◆ Requirement
Would you please copy all of the data exactly, skipping the images?

◆ Records provided
◆ ◆ ◆

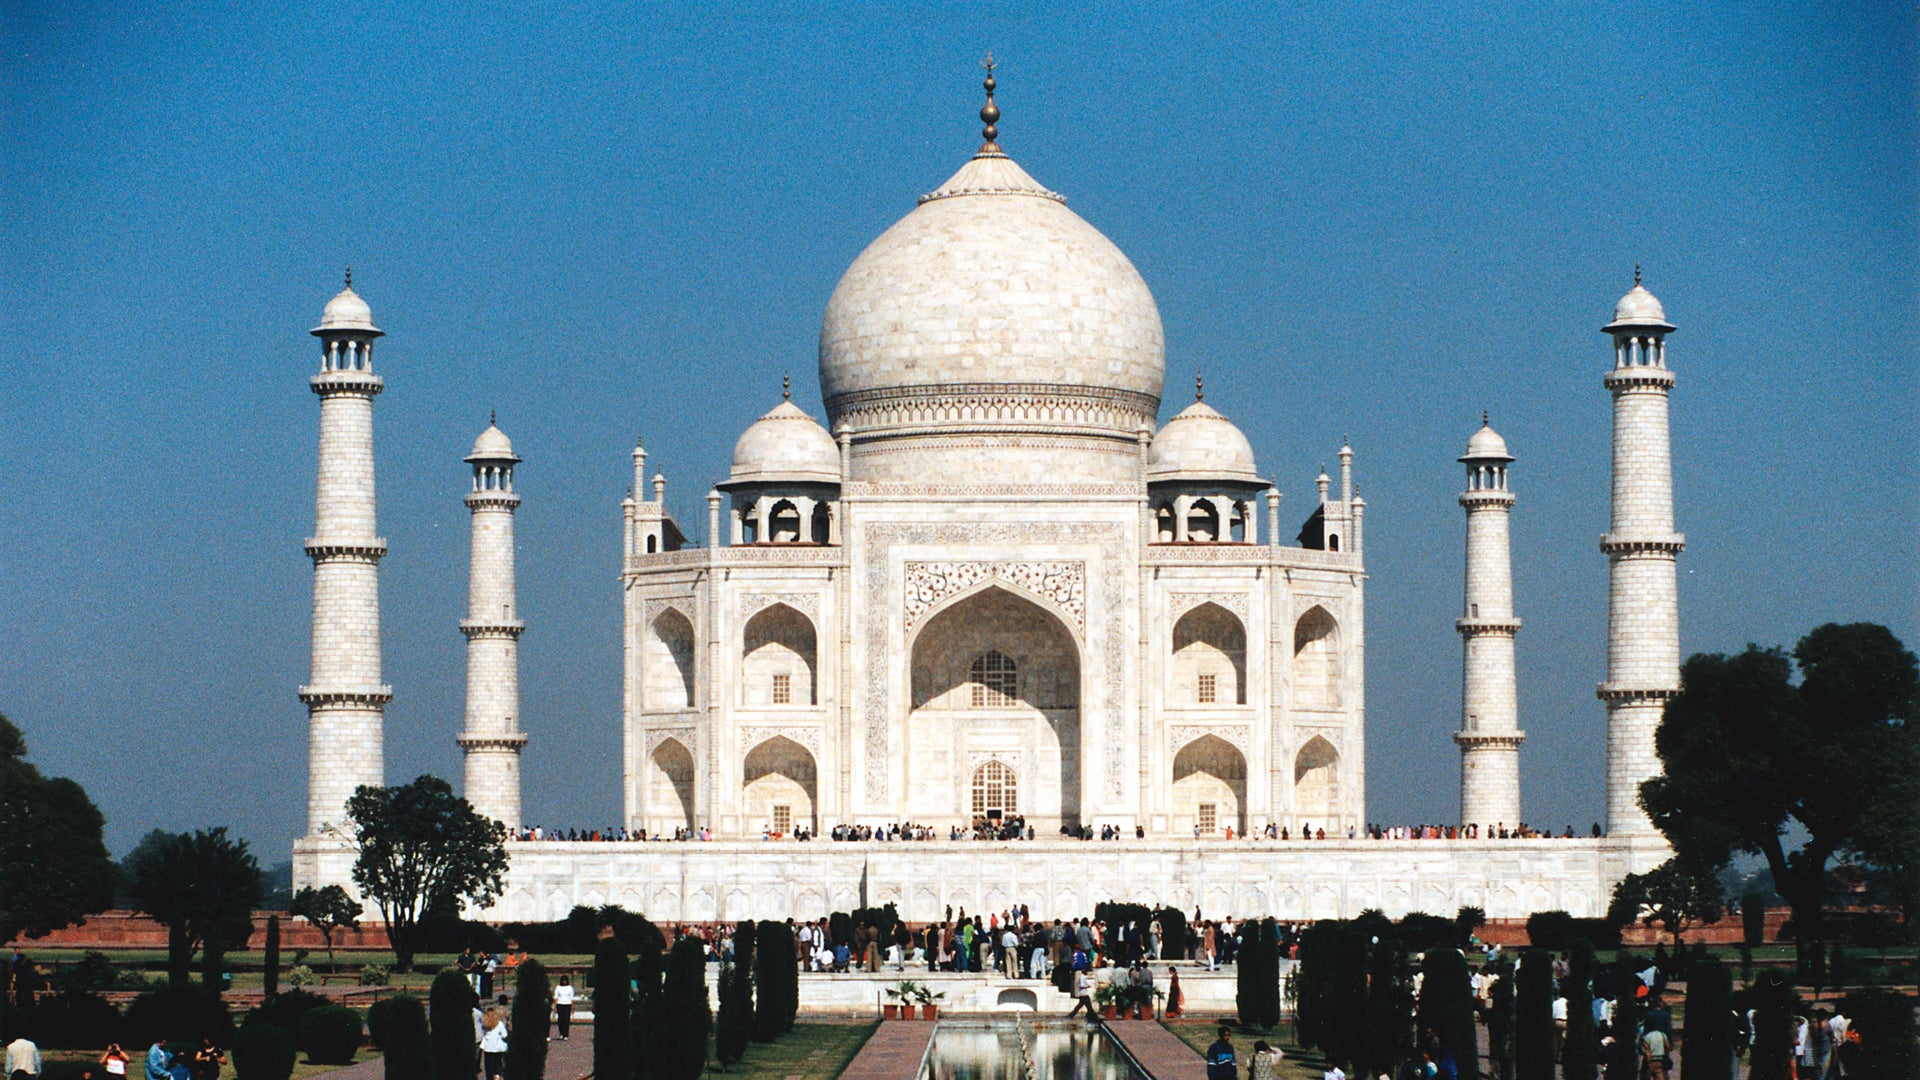Can you describe the main features of this image for me? The image captures the majestic Taj Mahal, a renowned mausoleum located in Agra, India. The Taj Mahal, a marvel of white marble, stands tall against the backdrop of a clear blue sky. Its grandeur is accentuated by a large central dome and four slender minarets that grace its corners. The perspective of the image is such that it encapsulates the entire structure, offering a distant view that underscores its imposing presence. The Taj Mahal's reflection dances on the surface of the water body in front of it, creating a mirror image that adds to the visual appeal. The surrounding area is speckled with verdant trees and a scattering of people, adding life to the scene. The image is a testament to the architectural brilliance and historical significance of this world-famous landmark. 
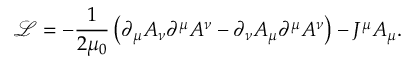<formula> <loc_0><loc_0><loc_500><loc_500>{ \mathcal { L } } = - { \frac { 1 } { 2 \mu _ { 0 } } } \left ( \partial _ { \mu } A _ { \nu } \partial ^ { \mu } A ^ { \nu } - \partial _ { \nu } A _ { \mu } \partial ^ { \mu } A ^ { \nu } \right ) - J ^ { \mu } A _ { \mu } .</formula> 
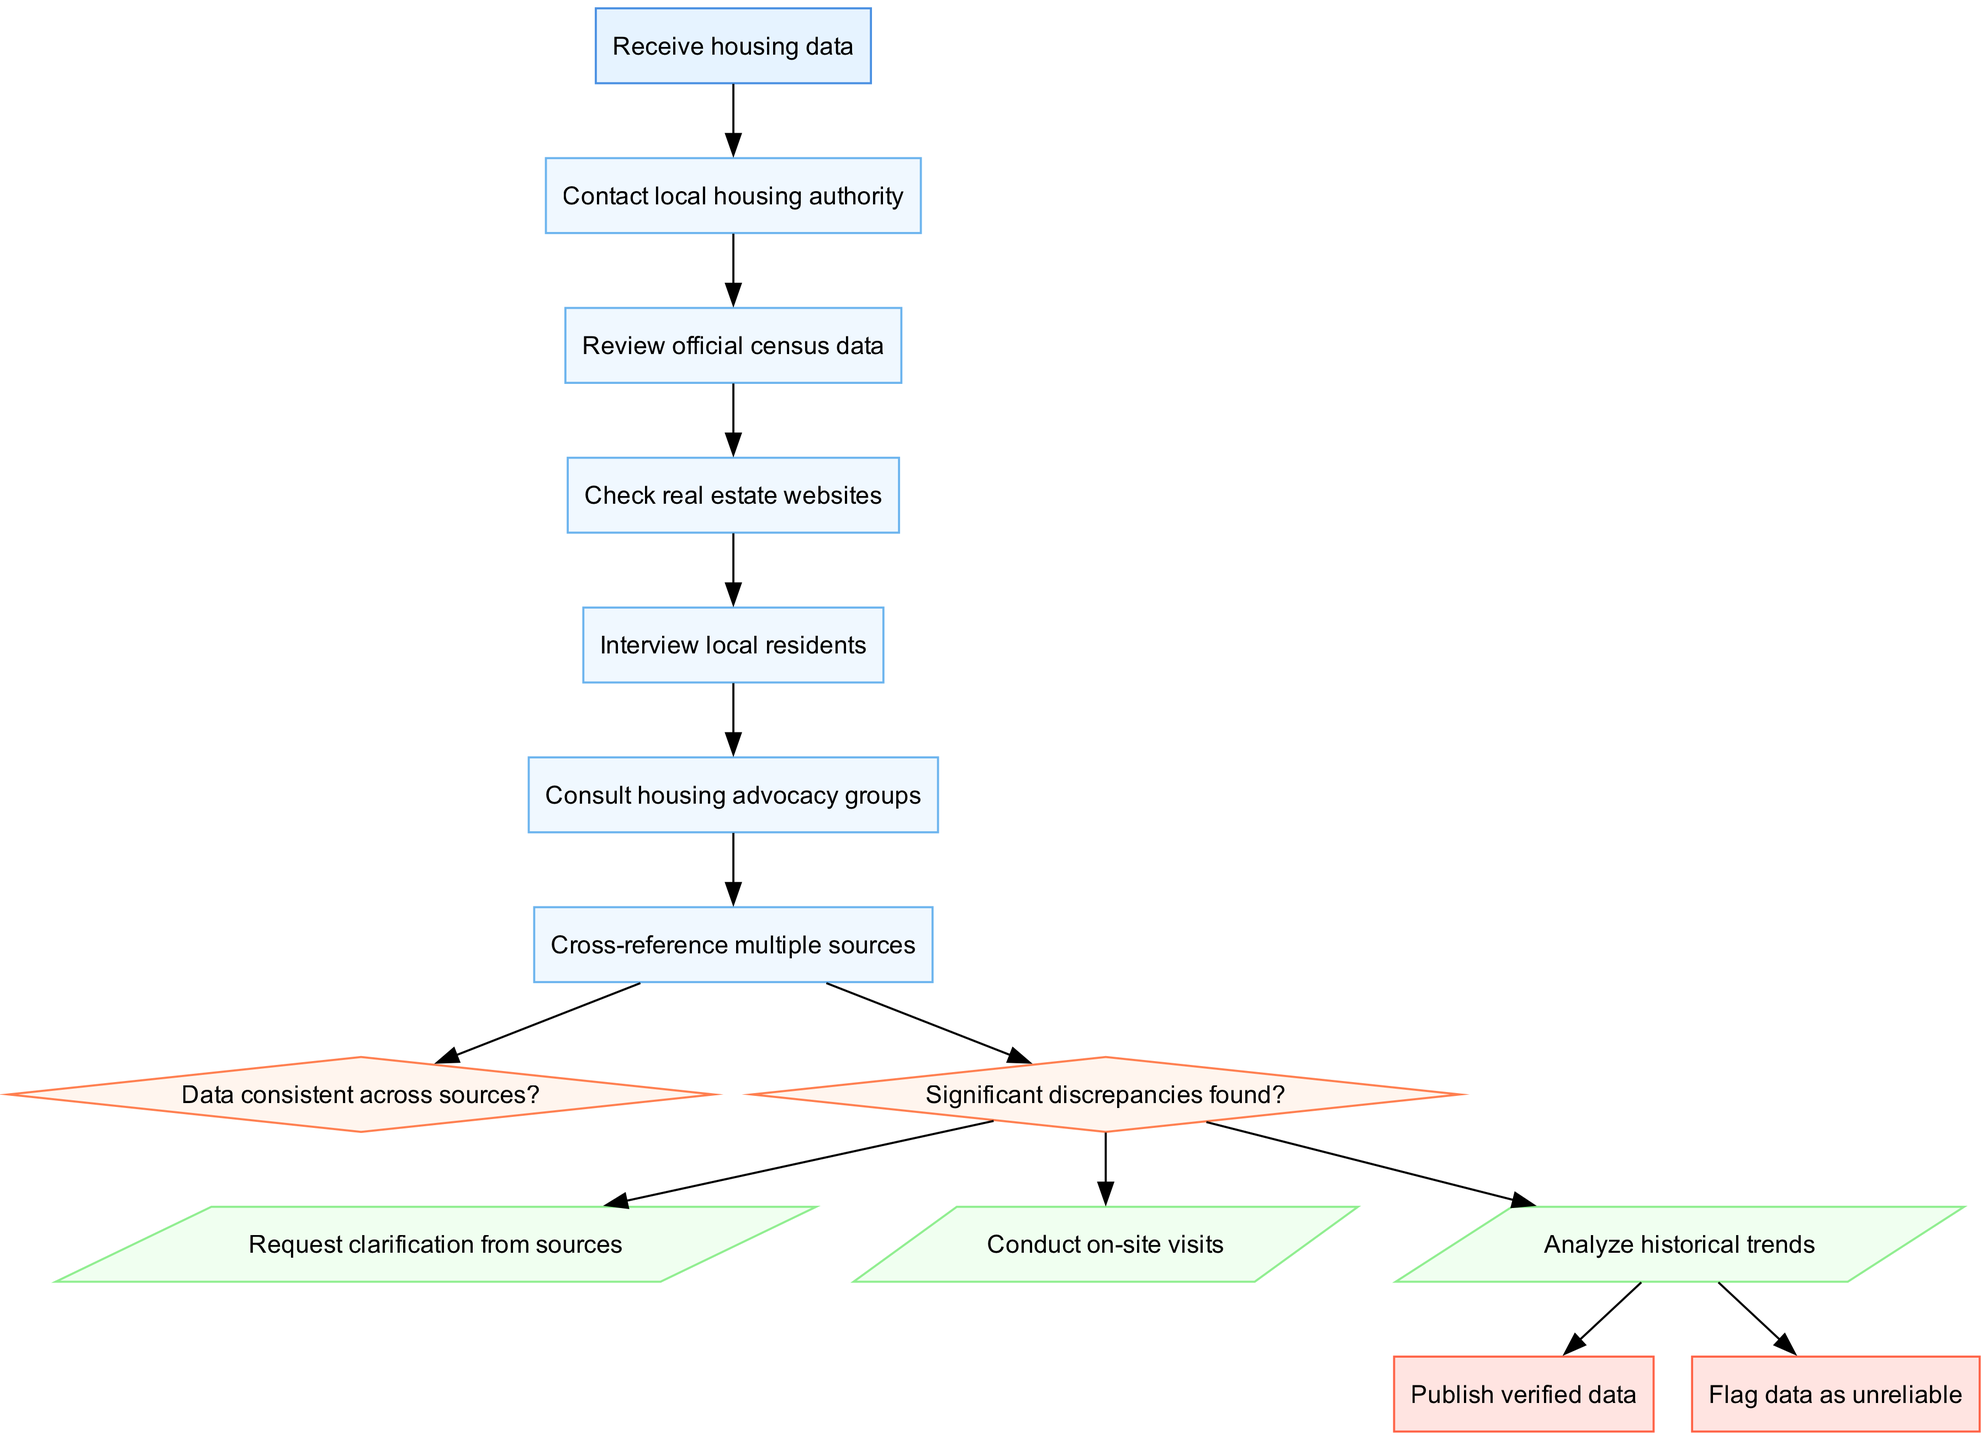What is the first step in the housing data verification process? The first step in the process is labeled "Receive housing data," and it is the starting point of the flow chart.
Answer: Receive housing data How many decisions are present in the diagram? The diagram includes two decision nodes, which address the consistency and discrepancies of the data.
Answer: 2 What action follows the decision point regarding significant discrepancies? Following the decision point about significant discrepancies, if discrepancies are found, the action requested is to "Request clarification from sources."
Answer: Request clarification from sources If data is consistent, what is the end node that follows? If data is deemed consistent, the flow proceeds towards publishing the verified data as the end point.
Answer: Publish verified data What action appears after consulting housing advocacy groups? After consulting housing advocacy groups, the next step is to "Cross-reference multiple sources," which connects the processes together in the flow.
Answer: Cross-reference multiple sources What shape represents the decision points in the diagram? The decision points in the flow chart are represented by diamonds, which is distinctive for indicating a decision-making step.
Answer: Diamond What is the last action taken before reaching the end nodes? The last action taken before reaching the end nodes is to "Analyze historical trends," which informs the final outcome of the verification process.
Answer: Analyze historical trends If there are discrepancies found, what action is taken next? If discrepancies are found, the next action taken is to "Conduct on-site visits," which implies a deeper investigation into the housing data.
Answer: Conduct on-site visits How are the processes connected to the start node? All processes are sequentially connected to the start node by directed edges, allowing a clear flow from one process to the next starting from "Receive housing data."
Answer: Directed edges 
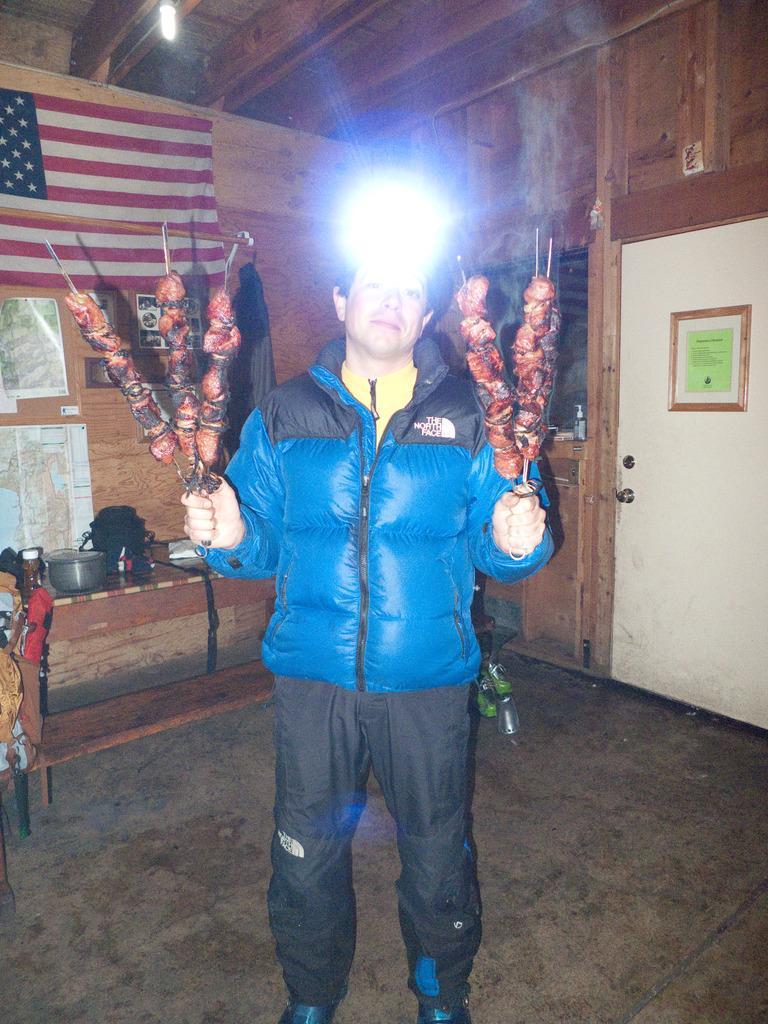Can you describe this image briefly? In this image I can see a person wearing jacket which is blue and black in color and black colored pant is standing and holding few kebab sticks in his hand and I can see a torch light on his head. In the background I can see a flag attached to the wall and few laps attached to the wall and a table on which I can see a bowl, a bag and few other objects. To the right side of the image I can see a white colored door and a photo frame attached to it.

◆ ◆ ◆

◆ Solution to the problem
Can you describe the main features of this image for me? The image captures the majestic Taj Mahal, a renowned mausoleum located in Agra, India. The Taj Mahal, a marvel of white marble, stands tall against the backdrop of a clear blue sky. Its grandeur is accentuated by a large central dome and four slender minarets that grace its corners. The perspective of the image is such that it encapsulates the entire structure, offering a distant view that underscores its imposing presence. The Taj Mahal's reflection dances on the surface of the water body in front of it, creating a mirror image that adds to the visual appeal. The surrounding area is speckled with verdant trees and a scattering of people, adding life to the scene. The image is a testament to the architectural brilliance and historical significance of this world-famous landmark. 
<formula> <loc_0><loc_0><loc_500><loc_500>{ \mathcal { L } } = - { \frac { 1 } { 2 \mu _ { 0 } } } \left ( \partial _ { \mu } A _ { \nu } \partial ^ { \mu } A ^ { \nu } - \partial _ { \nu } A _ { \mu } \partial ^ { \mu } A ^ { \nu } \right ) - J ^ { \mu } A _ { \mu } .</formula> 
What is the first step in the housing data verification process? The first step in the process is labeled "Receive housing data," and it is the starting point of the flow chart.
Answer: Receive housing data How many decisions are present in the diagram? The diagram includes two decision nodes, which address the consistency and discrepancies of the data.
Answer: 2 What action follows the decision point regarding significant discrepancies? Following the decision point about significant discrepancies, if discrepancies are found, the action requested is to "Request clarification from sources."
Answer: Request clarification from sources If data is consistent, what is the end node that follows? If data is deemed consistent, the flow proceeds towards publishing the verified data as the end point.
Answer: Publish verified data What action appears after consulting housing advocacy groups? After consulting housing advocacy groups, the next step is to "Cross-reference multiple sources," which connects the processes together in the flow.
Answer: Cross-reference multiple sources What shape represents the decision points in the diagram? The decision points in the flow chart are represented by diamonds, which is distinctive for indicating a decision-making step.
Answer: Diamond What is the last action taken before reaching the end nodes? The last action taken before reaching the end nodes is to "Analyze historical trends," which informs the final outcome of the verification process.
Answer: Analyze historical trends If there are discrepancies found, what action is taken next? If discrepancies are found, the next action taken is to "Conduct on-site visits," which implies a deeper investigation into the housing data.
Answer: Conduct on-site visits How are the processes connected to the start node? All processes are sequentially connected to the start node by directed edges, allowing a clear flow from one process to the next starting from "Receive housing data."
Answer: Directed edges 
Can you describe this image briefly? In this image I can see a person wearing jacket which is blue and black in color and black colored pant is standing and holding few kebab sticks in his hand and I can see a torch light on his head. In the background I can see a flag attached to the wall and few laps attached to the wall and a table on which I can see a bowl, a bag and few other objects. To the right side of the image I can see a white colored door and a photo frame attached to it.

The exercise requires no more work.